2 thoughts on “Are MBAs really arrogant, worthless, and overpaid?”

  1. Hi Sameer, hope you are doing well. Big fan of your blog & your YouTube channel.

    Just saw your below video that you went to B School after 10 years of experience & made a career switch from Tech Consulting to M&A.

    Would love to share a video suggestion – I am sure your fans (including me) would love to learn more about your personal career journey, your pre & post MBA journey, what prompted you to do MBA after 10 YOE (I have been working for 10 YOE too & have been thinking of MBA) and in hindsight how it has benefitted you/not benefitted you, if you fell into the MBA hype (or looked beyond the hype, wink wink just playing with the words of your insightful book).

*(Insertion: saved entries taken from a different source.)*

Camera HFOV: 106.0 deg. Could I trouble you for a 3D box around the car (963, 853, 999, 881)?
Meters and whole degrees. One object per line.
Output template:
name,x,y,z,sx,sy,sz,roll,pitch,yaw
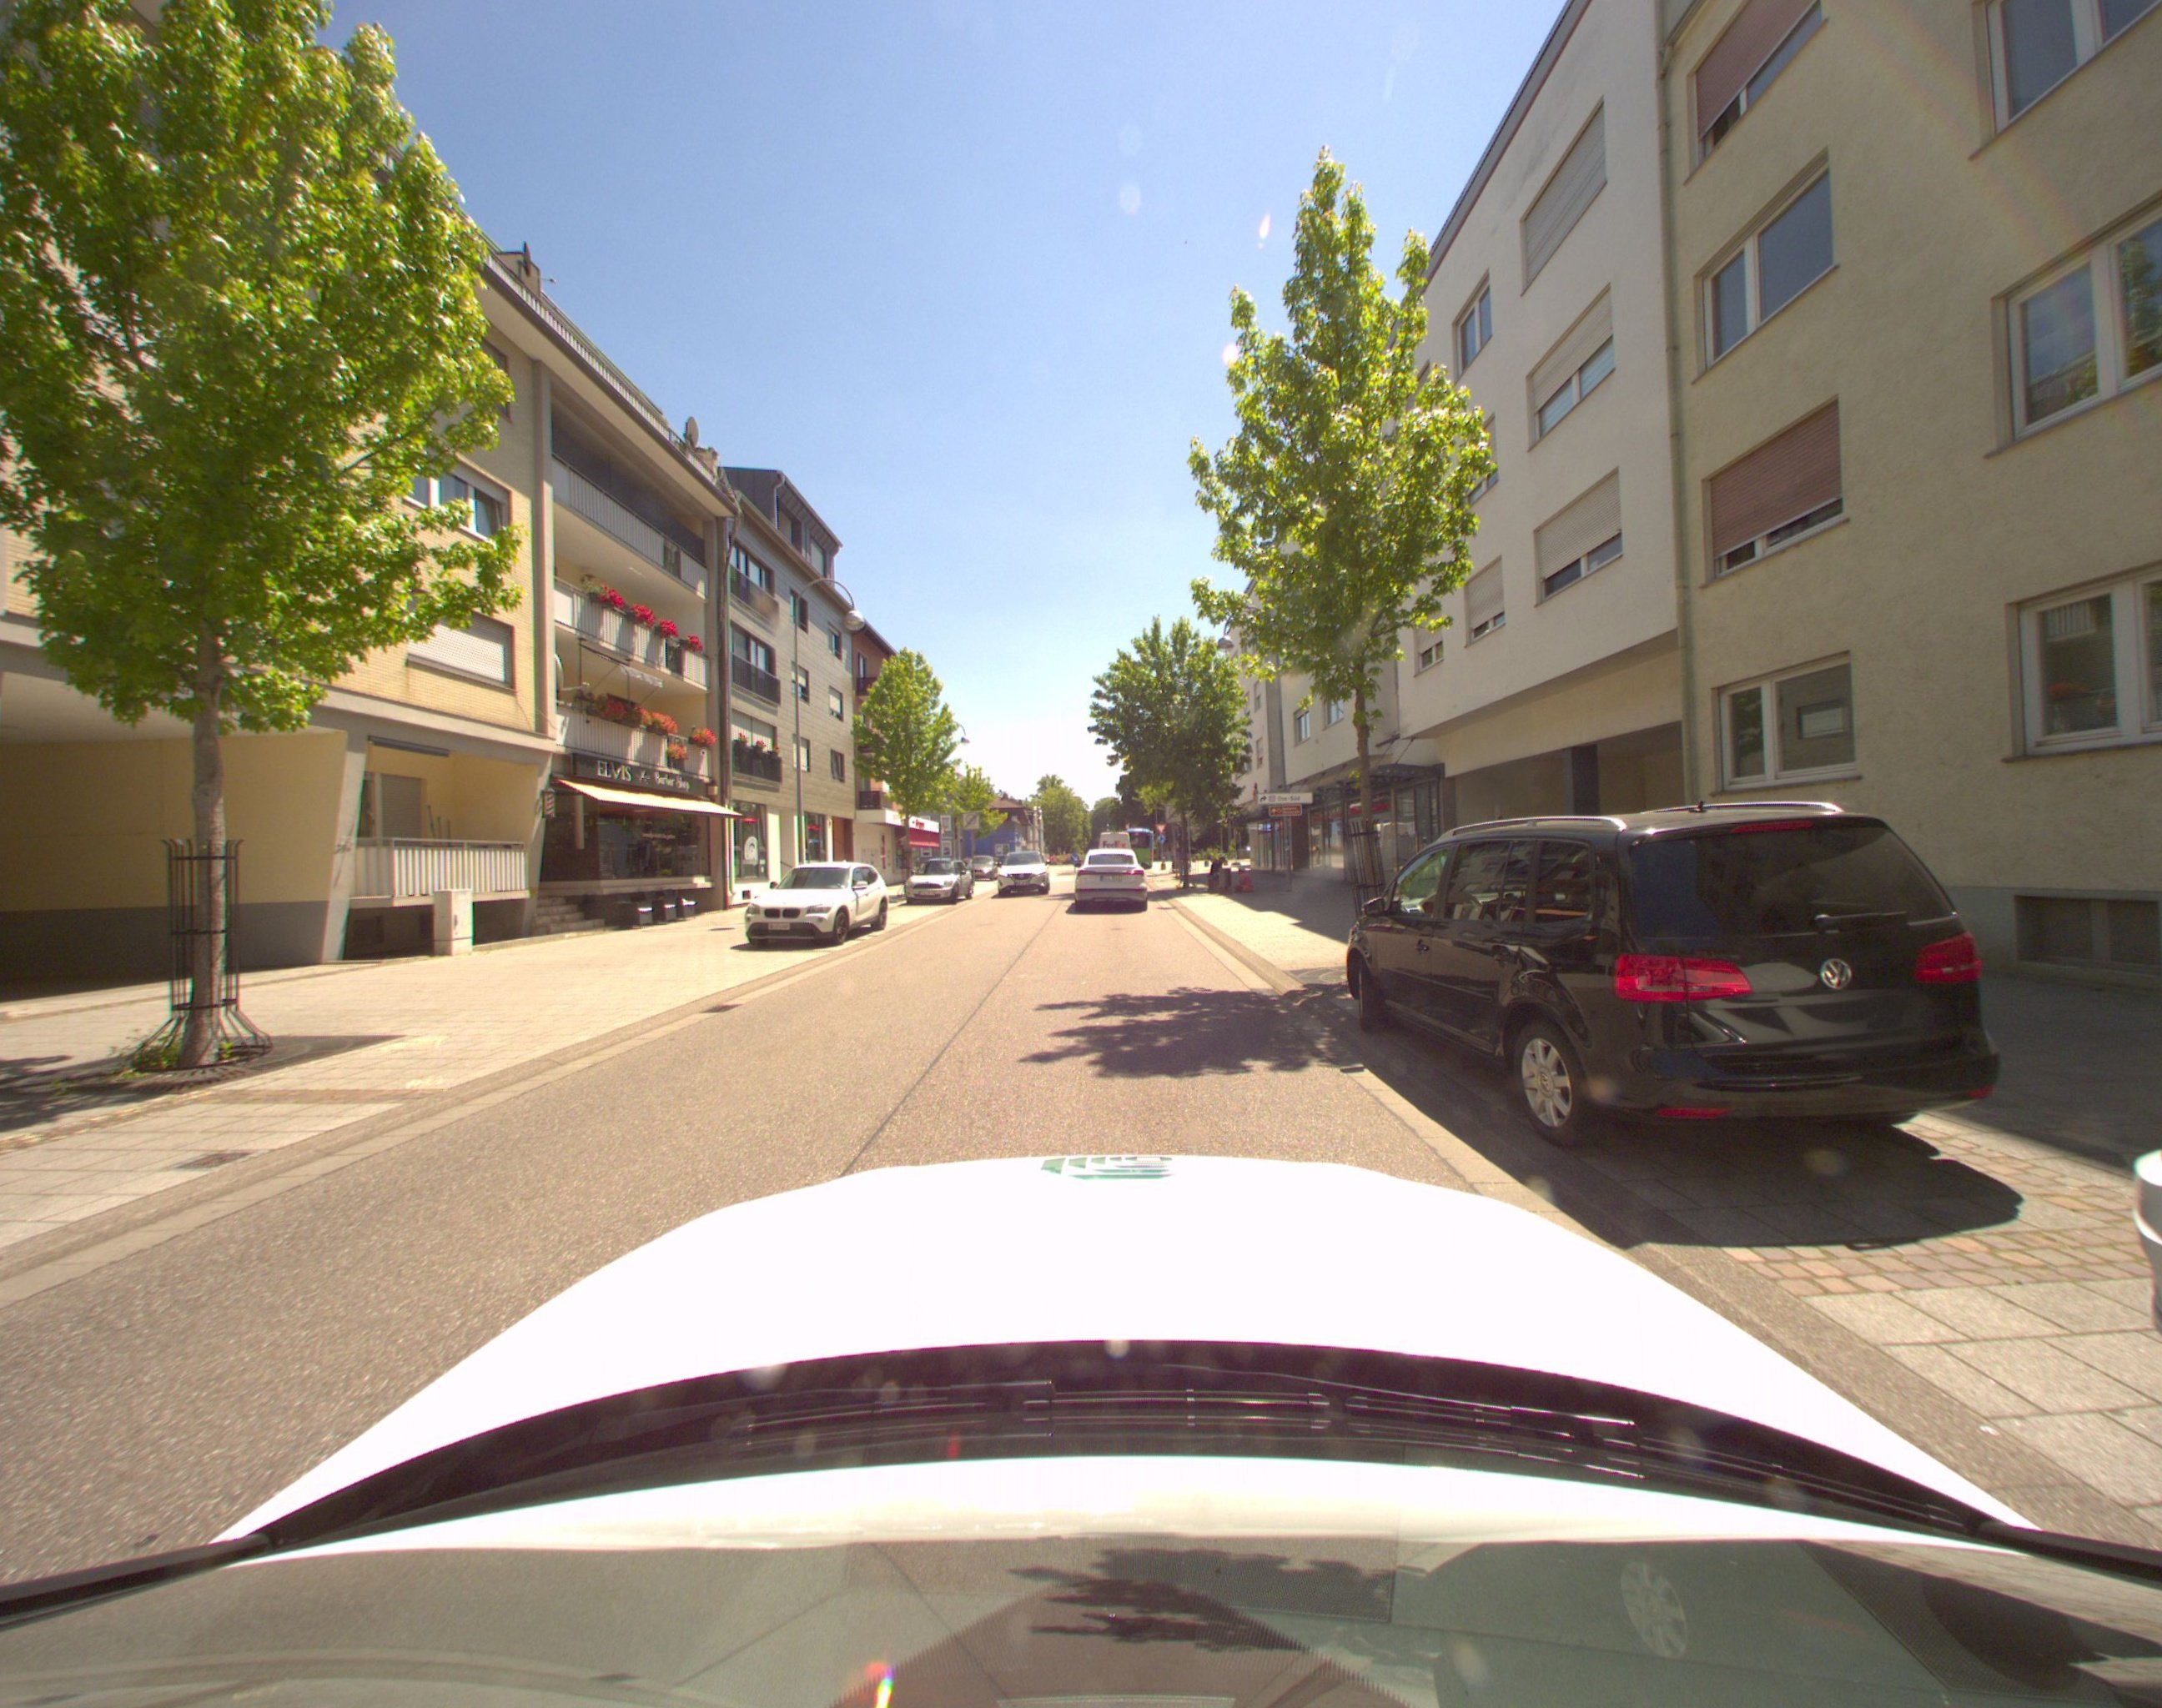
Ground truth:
car,-5.981,0.749,48.858,1.834,1.495,3.995,-2,0,-4

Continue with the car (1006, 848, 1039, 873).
car,-4.491,0.489,61.663,1.867,1.757,3.981,0,0,-14

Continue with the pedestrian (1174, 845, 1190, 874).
pedestrian,5.340,0.273,43.160,0.582,1.502,0.715,-2,0,-16

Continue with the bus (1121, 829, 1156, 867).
bus,5.206,-0.531,74.649,2.652,3.209,7.452,-1,0,1

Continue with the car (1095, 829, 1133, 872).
car,1.983,-0.187,49.474,2.148,2.442,5.285,0,0,2

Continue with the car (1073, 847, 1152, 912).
car,0.814,0.647,22.533,1.987,1.633,4.000,-1,0,0

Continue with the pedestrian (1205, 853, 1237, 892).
pedestrian,4.684,0.612,27.280,0.903,1.236,0.648,-2,0,0

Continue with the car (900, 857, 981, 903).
car,-4.669,0.816,27.657,1.745,1.453,4.404,0,0,3

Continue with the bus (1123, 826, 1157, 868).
bus,4.902,-0.515,67.390,2.649,3.221,7.309,0,0,4

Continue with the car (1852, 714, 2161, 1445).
car,3.406,0.462,0.193,1.891,1.674,4.688,-4,0,-1

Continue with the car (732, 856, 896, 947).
car,-5.279,0.862,16.795,1.745,1.618,4.404,0,0,3

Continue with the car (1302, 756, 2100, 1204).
car,3.125,0.499,5.544,1.850,1.674,4.535,-4,0,-1

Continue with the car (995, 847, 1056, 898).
car,-2.039,0.654,30.905,1.850,1.692,4.151,-3,0,1

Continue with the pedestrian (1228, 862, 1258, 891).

    https://www.youtube.com/watch?v=705h9x5c14M&ab_channel=MBACrystalBall

    Reply
  2. Thanks for the kind words and the suggestion. I did share a bit of my story in my book Beyond The MBA Hype.
    What you said is correct. I went for my MBA at an age (32 to be specific) that generally gets raised eyebrows from most in India. The general (and incorrect) assumption is that an MBA is just another degree, and should be completed with a couple of years after graduation.
    I didn’t see the need for an MBA for many years after completing my engineering. I managed a career change from tech to consulting without an MBA. But for someone like me, every new career reaches a level where I don’t feel excited enough to continue. So I thought it was time to head back to the class and get a degree that would be valued across the world.
    In hindsight, it was a risky decision that has more than paid for the money and time I invested. Other than getting a completely new corporate career, it also opened up my mind to radically new possibilities such as entrepreneurship.